Here's what I added to the spec but later discarded:
Snapshot provenance
For MVP, all primary and analysis data resides in a single TDR snapshot. Post-MVP data releases will likely consist of multiple snapshots. There might be a snapshot per combination of project, access-control status (public, access controlled) and analysis level (primary vs secondary or tertiary analysis). This will facilitate controlling access to the data as well as accelerate the process of cutting and indexing snapshots. In anticipation of this, an MVP analysis subgraph must declare the snapshot from which its input files were taken from. Without this declaration, the subgraph stitching algorithm would have to look for entities in every subgraph.
Re spike: See my update to the description.
The schema specifies a restrictive pattern for the input_id
property, one that only matches UUIDs, so we can't just prepend the UUID with a snapshot reference. IOW, this requires a change to the schema. The alternatives are
"inputs": [
{
"input_type": "sequence_file",
"input_id": "b4d87b98-4a6e-4fb5-a9bb-2067c87023f9:f0b30770-a65a-429a-b7e1-858a7637f700"
}
]
"inputs": [
{
"input_type": "sequence_file",
"input_id": "hca_dev_20201203___20210219:f0b30770-a65a-429a-b7e1-858a7637f700"
}
]
Pro: No change to the JSON structure, the only schema change required is to extend the pattern that restricts the property value Con: Hacky, needs special parsing rule (not pure JSON) Con: Legacy consumers will fail in less obvious ways (fail to find entity rather than fail to parse)
"inputs": [
{
"input_type": "sequence_file",
"input_id": "f0b30770-a65a-429a-b7e1-858a7637f700",
"snapshot_id": "b4d87b98-4a6e-4fb5-a9bb-2067c87023f9"
}
]
"inputs": [
{
"input_type": "sequence_file",
"input_id": "f0b30770-a65a-429a-b7e1-858a7637f700",
"snapshot_name": "hca_dev_20201203___20210219"
}
]
Pro: Clean, JSONy Pro: Simple schema (adding optional property) Cons: Old readers will fail in less obvious ways (fail to find entity, rather than failing to parse)
"inputs": [
{
"input_type": "sequence_file",
"input_id": {
"entity": "f0b30770-a65a-429a-b7e1-858a7637f700",
"snapshot": "b4d87b98-4a6e-4fb5-a9bb-2067c87023f9"
}
}
]
"inputs": [
{
"input_type": "sequence_file",
"input_id": {
"entity": "f0b30770-a65a-429a-b7e1-858a7637f700",
"snapshot": "hca_dev_20201203___20210219"
}
}
]
Pro: Clean
Pro: Old clients fail in obvious ways
Con: Complex schema (needs to support non-composite variant using oneOf
)
Contrary to what I mentioned in stand-up, absence of this feature will not cause CGMs (neither hacky nor organic) to disappear if they coexist with access controlled (meta)data in the same project. We can put CGM subgraphs and access-controlled subgraphs in separate snapshots, even without this feature. This feature is only needed to index subgraphs with DCP/2-generated matrices, because only those involve stitching.
@theathorn
Discussed with Kathleen and supporting DCP/2-generated matrices in a mixed open/controlled-access project is not a requirement for the initial phase. If we have a project with DCP/2-generated matrices, we can start by making the whole project controlled access.
Just to confirm: Until we implement this feature, we are OK with preventing public access to DCP/2-generated matrices for access-controlled projects?
Correct. Unauthenticated users should be able to see the project description for an access-controlled project but would need to apply for (and be granted) access to see any other data in the project, including the DCP/2-generated matrices.
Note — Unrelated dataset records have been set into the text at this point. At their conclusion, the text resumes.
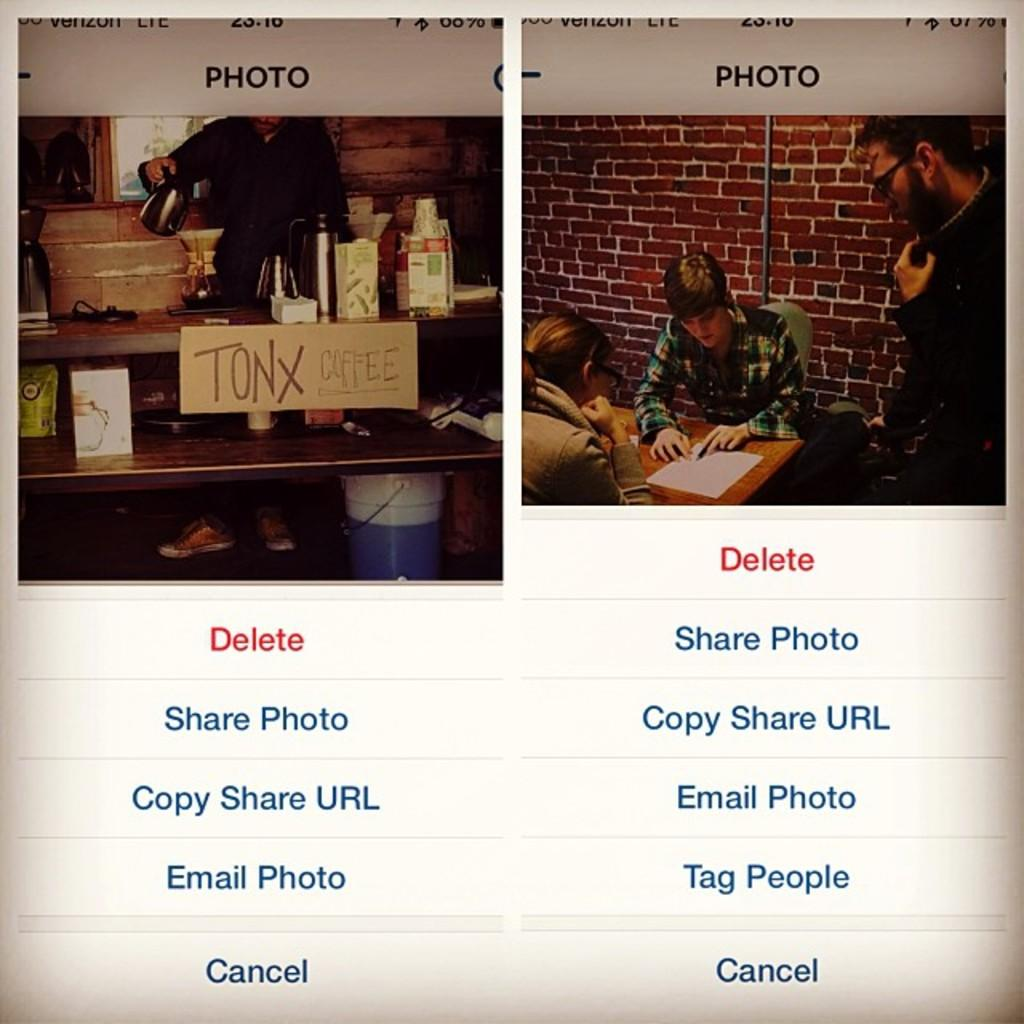<image>
Create a compact narrative representing the image presented. Close up of a cell phone screen showing some young people studying at a table and a shot of a sign that reads Tonx Coffee. 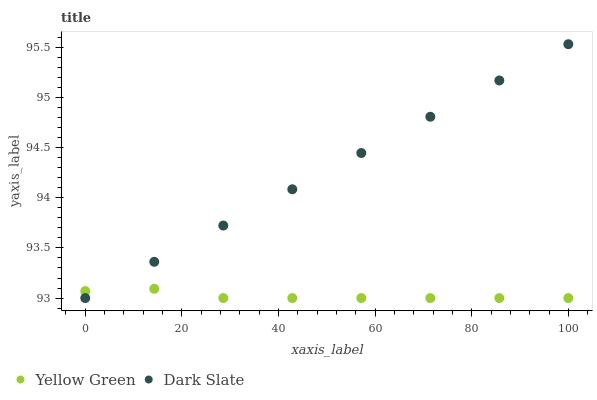Does Yellow Green have the minimum area under the curve?
Answer yes or no. Yes. Does Dark Slate have the maximum area under the curve?
Answer yes or no. Yes. Does Yellow Green have the maximum area under the curve?
Answer yes or no. No. Is Dark Slate the smoothest?
Answer yes or no. Yes. Is Yellow Green the roughest?
Answer yes or no. Yes. Is Yellow Green the smoothest?
Answer yes or no. No. Does Dark Slate have the lowest value?
Answer yes or no. Yes. Does Dark Slate have the highest value?
Answer yes or no. Yes. Does Yellow Green have the highest value?
Answer yes or no. No. Does Dark Slate intersect Yellow Green?
Answer yes or no. Yes. Is Dark Slate less than Yellow Green?
Answer yes or no. No. Is Dark Slate greater than Yellow Green?
Answer yes or no. No. 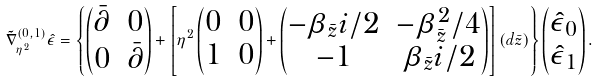Convert formula to latex. <formula><loc_0><loc_0><loc_500><loc_500>\tilde { \nabla } _ { \eta ^ { 2 } } ^ { ( 0 , 1 ) } \hat { \epsilon } = \left \{ \begin{pmatrix} \bar { \partial } & 0 \\ 0 & \bar { \partial } \end{pmatrix} + \left [ \eta ^ { 2 } \begin{pmatrix} 0 & 0 \\ 1 & 0 \end{pmatrix} + \begin{pmatrix} - \beta _ { \bar { z } } i / 2 & - \beta _ { \bar { z } } ^ { 2 } / 4 \\ - 1 & \beta _ { \bar { z } } i / 2 \end{pmatrix} \right ] ( d \bar { z } ) \right \} \begin{pmatrix} \hat { \epsilon } _ { 0 } \\ \hat { \epsilon } _ { 1 } \end{pmatrix} .</formula> 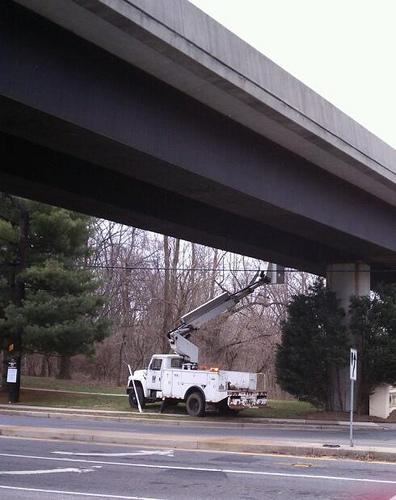Question: how many vehicles are there?
Choices:
A. 2.
B. 1.
C. 3.
D. 4.
Answer with the letter. Answer: B Question: why are there arrows on the road?
Choices:
A. To indicate turn lanes.
B. Guidence.
C. To follow.
D. Rules.
Answer with the letter. Answer: A Question: how many street signs are there?
Choices:
A. 1.
B. 2.
C. 3.
D. 4.
Answer with the letter. Answer: A Question: where is the bridge?
Choices:
A. Above the road.
B. Above the car.
C. Above the man.
D. Above the truck.
Answer with the letter. Answer: D Question: what type of vehicle is there?
Choices:
A. Car.
B. Van.
C. Truck.
D. Bus.
Answer with the letter. Answer: C 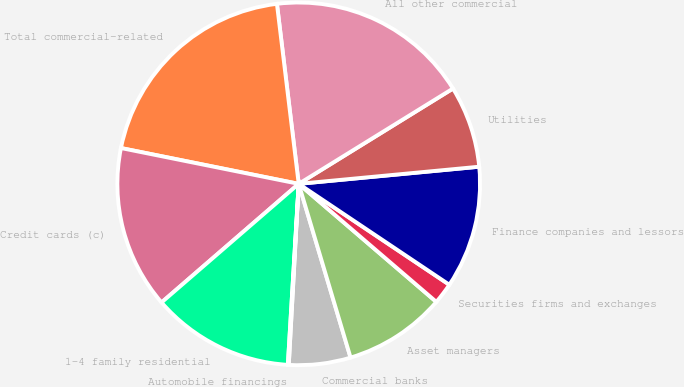Convert chart. <chart><loc_0><loc_0><loc_500><loc_500><pie_chart><fcel>Commercial banks<fcel>Asset managers<fcel>Securities firms and exchanges<fcel>Finance companies and lessors<fcel>Utilities<fcel>All other commercial<fcel>Total commercial-related<fcel>Credit cards (c)<fcel>1-4 family residential<fcel>Automobile financings<nl><fcel>5.49%<fcel>9.1%<fcel>1.89%<fcel>10.9%<fcel>7.3%<fcel>18.11%<fcel>19.92%<fcel>14.51%<fcel>12.7%<fcel>0.08%<nl></chart> 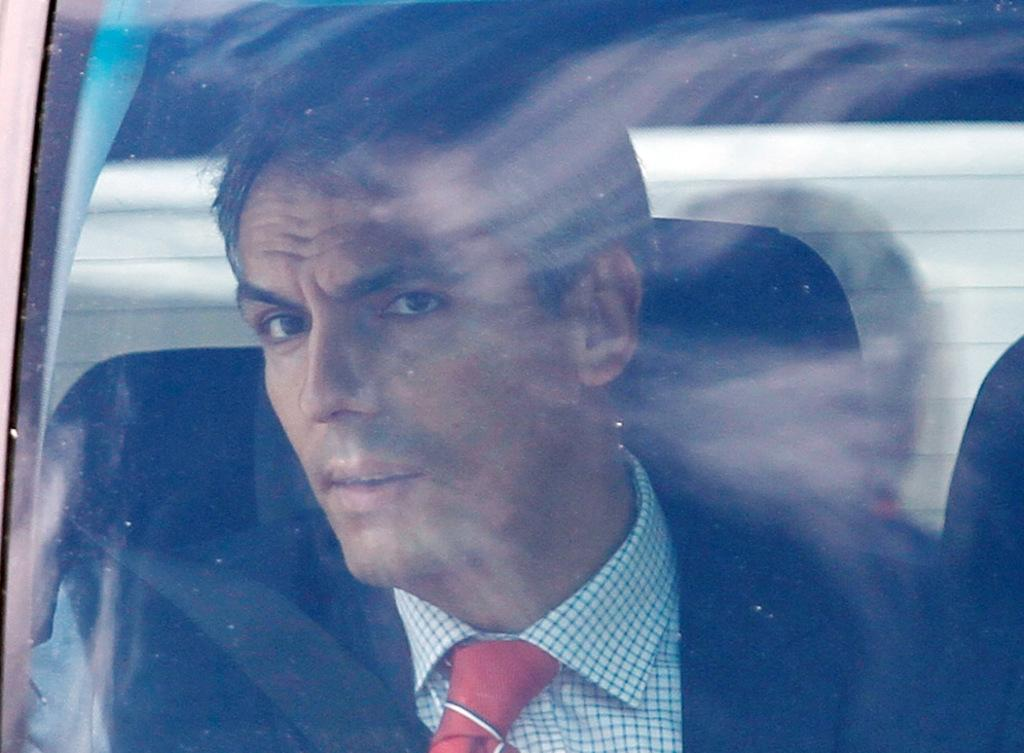What is the main subject of the image? There is a person in the image. What is the person doing in the image? The person is sitting in a car. What type of marble is visible in the image? There is no marble present in the image. What is the person's grade in the image? The image does not provide any information about the person's grade. 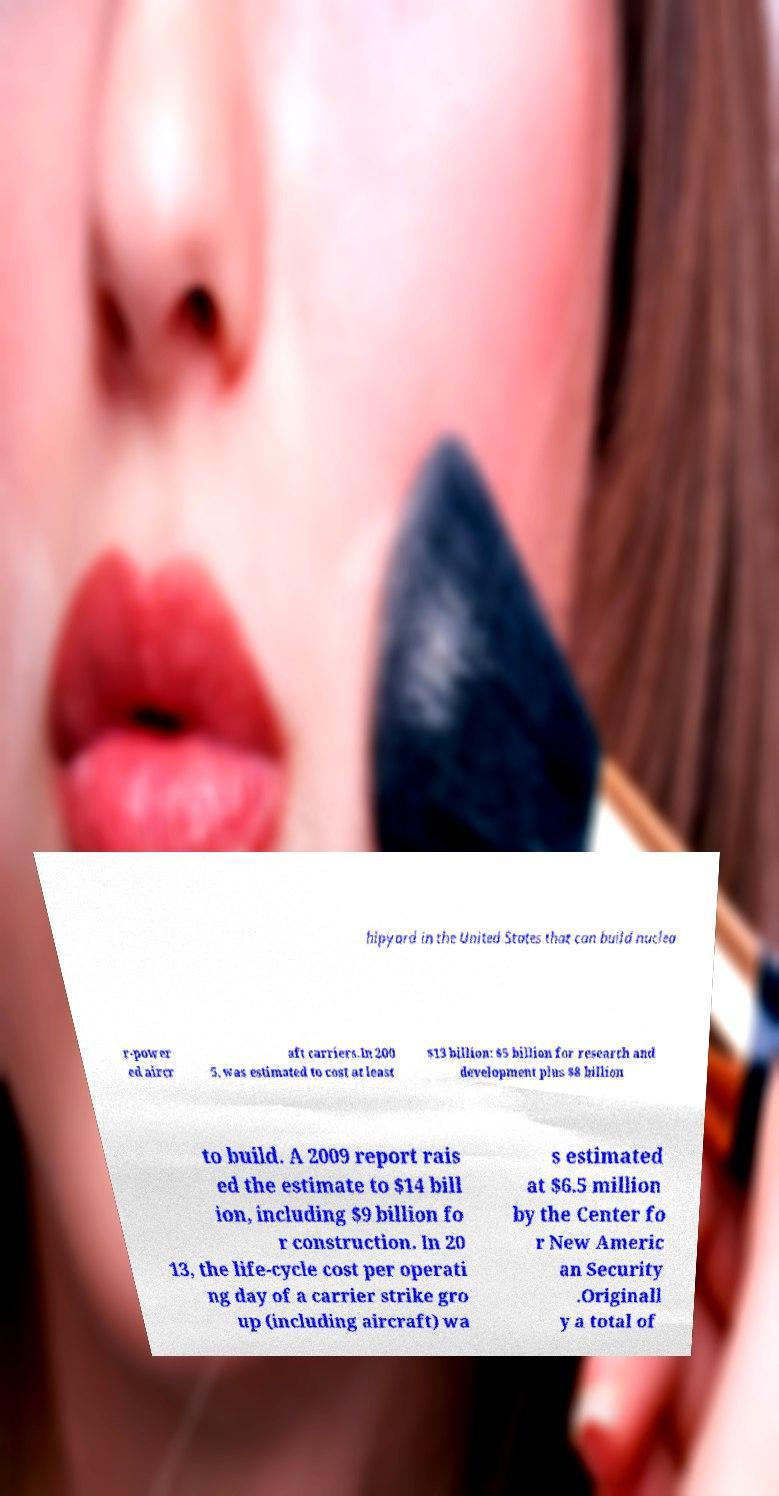I need the written content from this picture converted into text. Can you do that? hipyard in the United States that can build nuclea r-power ed aircr aft carriers.In 200 5, was estimated to cost at least $13 billion: $5 billion for research and development plus $8 billion to build. A 2009 report rais ed the estimate to $14 bill ion, including $9 billion fo r construction. In 20 13, the life-cycle cost per operati ng day of a carrier strike gro up (including aircraft) wa s estimated at $6.5 million by the Center fo r New Americ an Security .Originall y a total of 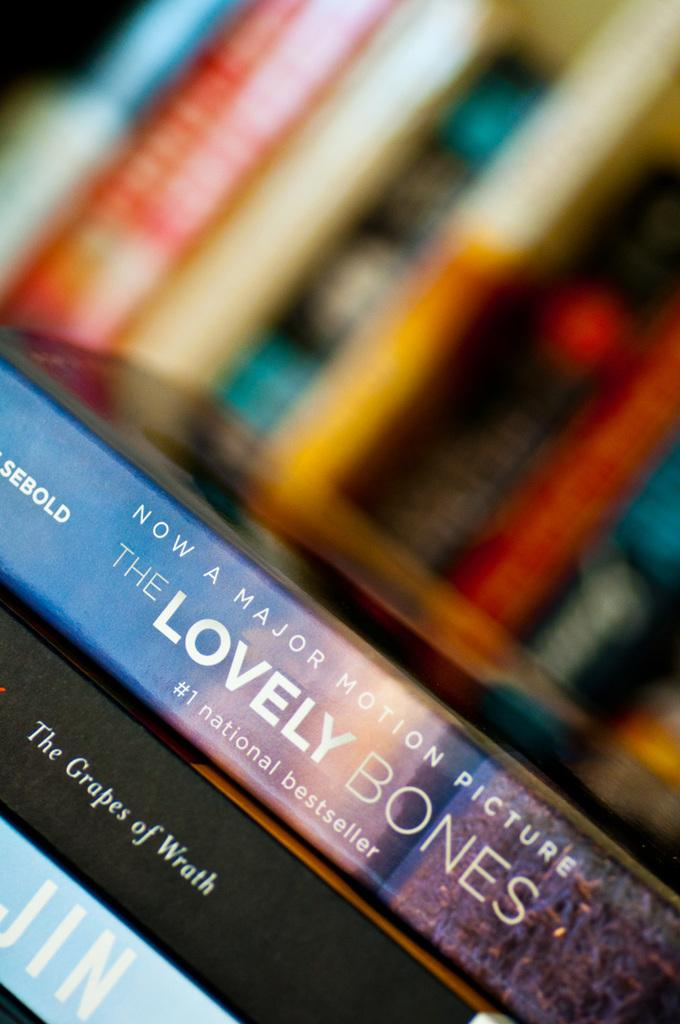<image>
Relay a brief, clear account of the picture shown. Movie spines are lined up, the most visible The Grapes of Wrath and The Lovely Bones.

@hannes-ucsc "Recording an idea: have the importer or some other Monster component rewrite the entity references in links.json to include the snapshot name. That might be difficult because the table content would have to be rewritten before the snapshot is cut".
In
links.json
of analysis subgraphs, anyinput_id
referring tosequence_file
entities from input subgraphs must refer to the snapshot the input subgraph is part of. The pipeline adapter gets the snapshot reference from the hand-over manifest, an additional column implemented as part of #2625.Update: This is only needed if the analysis subgraph is in a different snapshot compared to its inputs. That will need to be the case if we want to make DCP/2-generated matrices for access-controlled projects publicly accessible.